I recently upgraded my file server to a current Mageia version. In doing so, I have lost some things despite restoring good backups. One of the things I'm missing is my network scanner. The scanner (details below) is connected to the server via USB and has been working just fine for years. It still works on the server locally, but I can no longer get my Mageia 7 desktop to connect to it. Again, it all worked just fine prior to the upgrade. I see this as network trouble rather than an issue with saned specifically. I may be wrong.
Here are some details.
Linux shuttle 5.4.2-desktop-1.mga7 #1 SMP Thu Dec 5 17:40:00 UTC 2019 x86_64 x86_64 x86_64 GNU/Linux
(from "scanimage -L" on the server) device `genesys:libusb:002:002' is a Canon LiDE 110 flatbed scanner
scanimage (sane-backends) 1.0.27; backend version 1.0.28
Scanner works locally on server (192.168.1.105), but does not work from a desktop on the LAN (192.168.1.106). I am unable to connect to port 6566 on the server via telnet. Connection closes immediately:
# telnet shuttle 6566
Trying 192.168.1.105...
Connected to shuttle.
Escape character is '^]'.
Connection closed by foreign host.
scanimage -L on the desktop fails to see the scanner
saned is running:
# systemctl status saned.socket
● saned.socket - saned incoming socket
Loaded: loaded (/etc/systemd/system/saned.socket; enabled; vendor preset: disabled)
Active: active (listening) since Sun 2019-12-15 20:41:33 MST; 13h ago
Listen: [::]:6566 (Stream)
Accepted: 36; Connected: 0;
Memory: 128.0K
CGroup: /system.slice/saned.socket
Dec 15 20:41:33 shuttle systemd[1]: Listening on saned incoming socket.
saned.socket shows open and listening per other tools as well:
nmap -sV shuttle -p 6566
Starting Nmap 7.70 ( https://nmap.org ) at 2019-12-16 10:34 MST
Nmap scan report for shuttle (192.168.1.105)
Host is up (0.00015s latency).
PORT STATE SERVICE VERSION
6566/tcp open tcpwrapped
Are you saying sane is looking for the scanner on 192.168.1.106 but it's living on 192.168.1.105? Can't you fix that on the network, or on /etc/sane.d/saned.conf?

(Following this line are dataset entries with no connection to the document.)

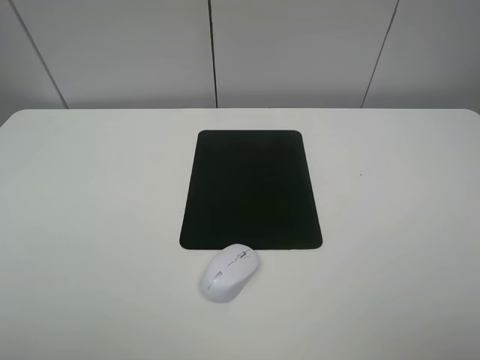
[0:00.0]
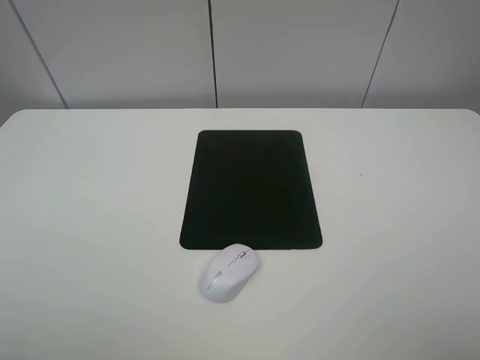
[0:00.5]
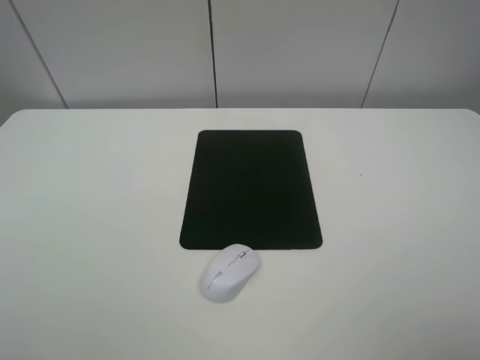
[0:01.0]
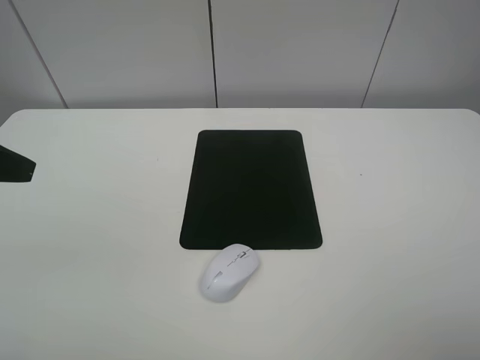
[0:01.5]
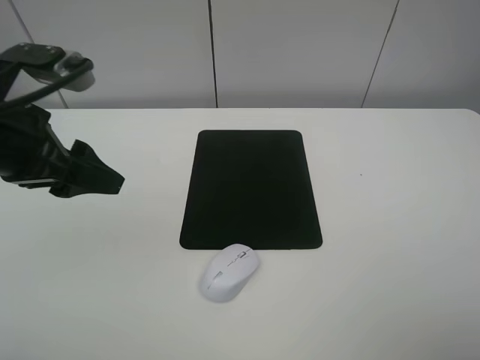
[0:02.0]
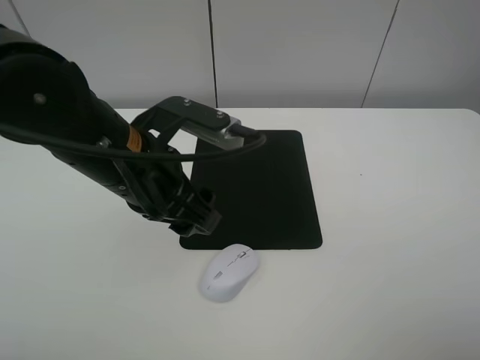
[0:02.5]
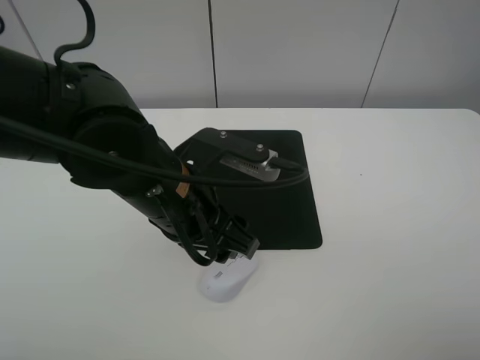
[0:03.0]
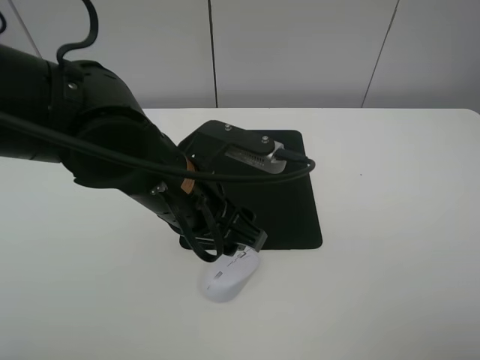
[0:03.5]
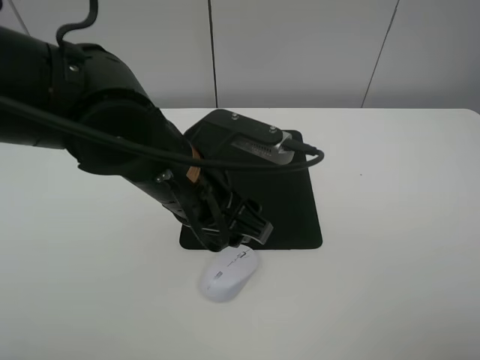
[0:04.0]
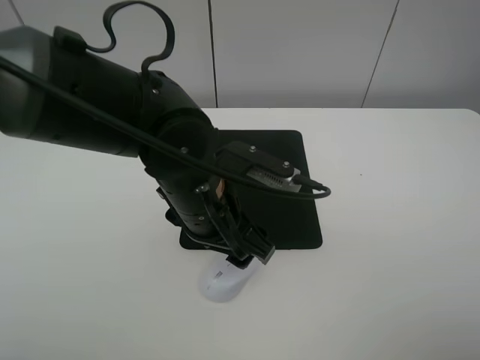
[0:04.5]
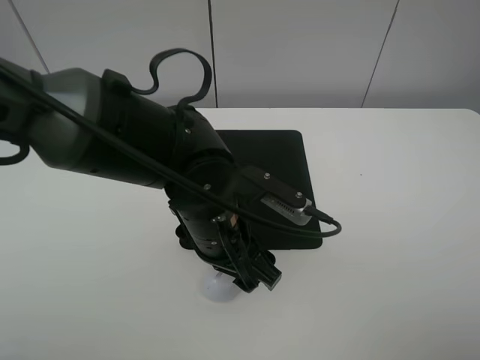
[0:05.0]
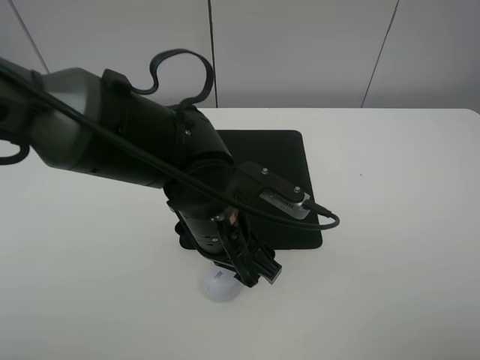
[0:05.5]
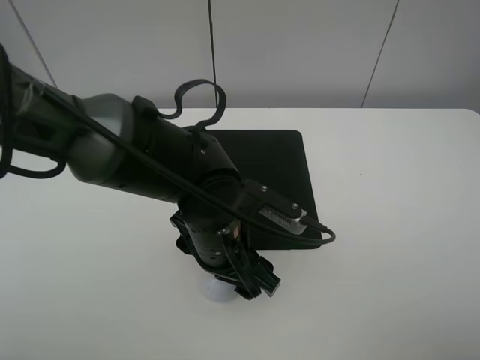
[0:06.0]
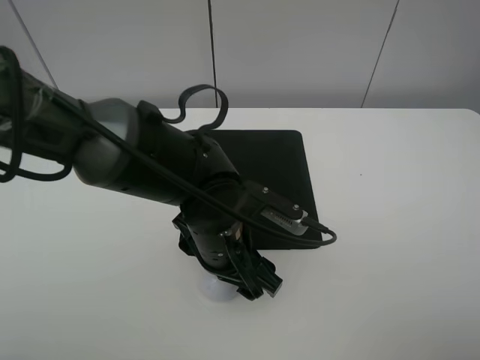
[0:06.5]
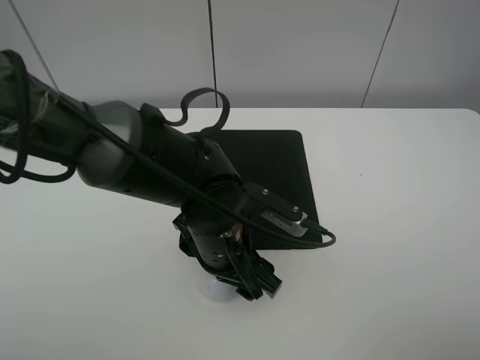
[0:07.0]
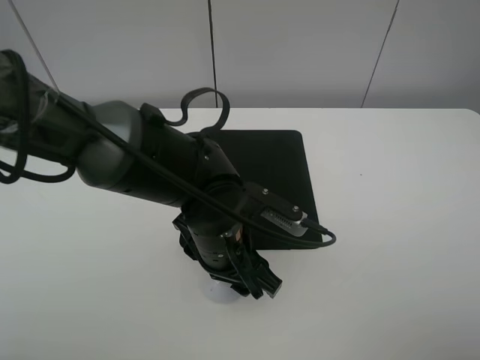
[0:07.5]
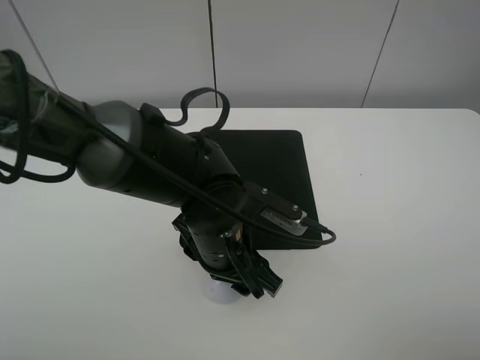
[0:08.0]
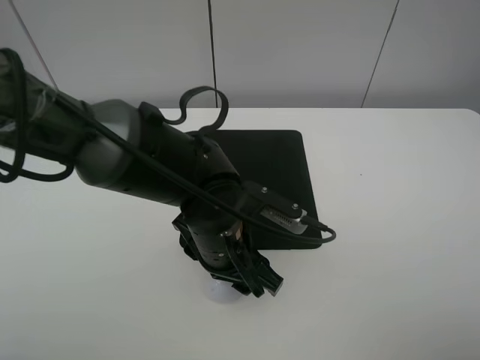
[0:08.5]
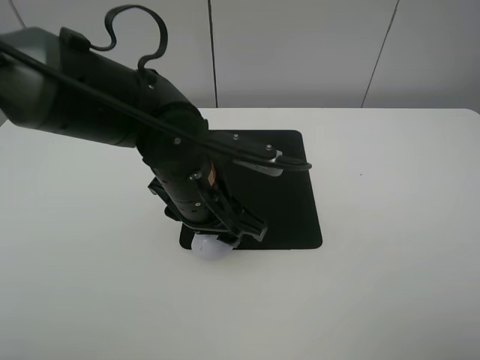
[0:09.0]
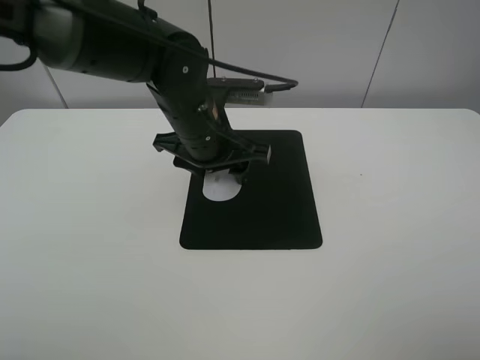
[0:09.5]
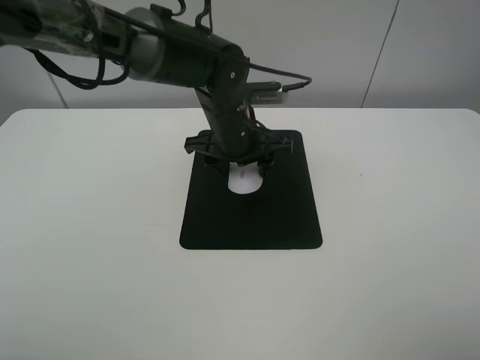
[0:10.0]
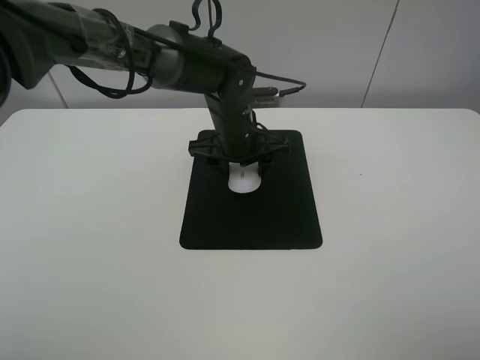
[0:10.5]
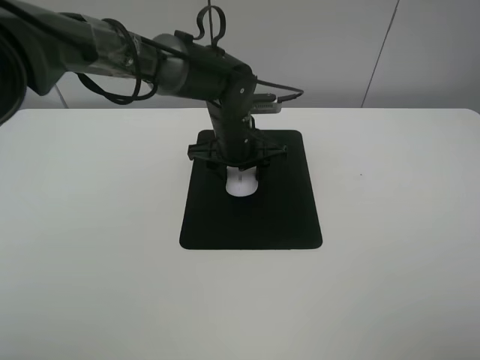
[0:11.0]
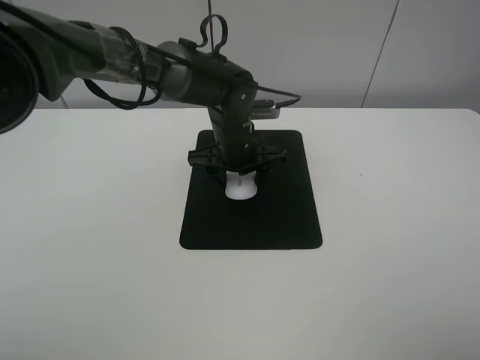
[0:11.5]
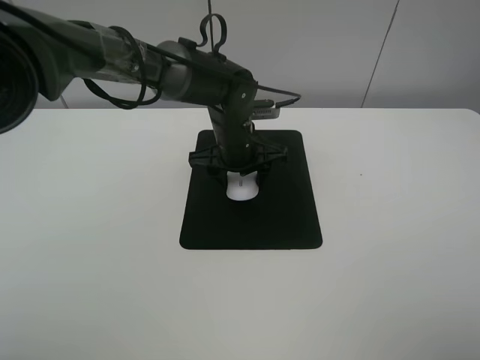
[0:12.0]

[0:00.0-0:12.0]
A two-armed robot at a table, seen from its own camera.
Step, 0:00.0 to 0:08.0: Grasp the mouse with the left gripper.
0:00.0 to 0:02.0: The left gripper goes some 20 cm forward and to the right.
0:02.0 to 0:04.0: The left gripper heads to the right, covering about 15 cm.
0:04.0 to 0:06.0: The left gripper goes about 10 cm downward, and opens its fingers.
0:06.0 to 0:08.0: The left gripper closes up.
0:08.0 to 0:10.0: The left gripper travels forward by approximately 15 cm.
0:10.0 to 0:12.0: The grippers move only a little.

Shut down the systemd socket and run saned -d (debug mode; saned listens on 6566 rather than getting started by systemd). Try connecting.
Trace packets on port 6566 on both client and server and try to make sense of the result. Wireshark is most comfortable, or use tcpdump, e.g.
Code:
tcpdump port 6566
Third: Your telnet test indicates that server's systemd accepts the connection request. It should then start saned and hand the connection over to it, which fails. Is that logged somewhere? Perhaps journalctl -u saned.socket, but I am not certain.
Are you saying sane is looking for the scanner on 192.168.1.106 but it's living on 192.168.1.105? Can't you fix that on the network, or on /etc/sane.d/saned.conf?
No, that's not what I'm saying at all. 192.168.1.105 is the host. All is well there.
192.168.1.106 is my desktop. The desktop can't see the sane port.
Shut down the systemd socket and run saned -d (debug mode; saned listens on 6566 rather than getting started by systemd). Try connecting.
Trace packets on port 6566 on both client and server and try to make sense of the result. Wireshark is most comfortable, or use tcpdump, e.g.
Code:
tcpdump port 6566
Third: Your telnet test indicates that server's systemd accepts the connection request. It should then start saned and hand the connection over to it, which fails. Is that logged somewhere? Perhaps journalctl -u saned.socket, but I am not certain.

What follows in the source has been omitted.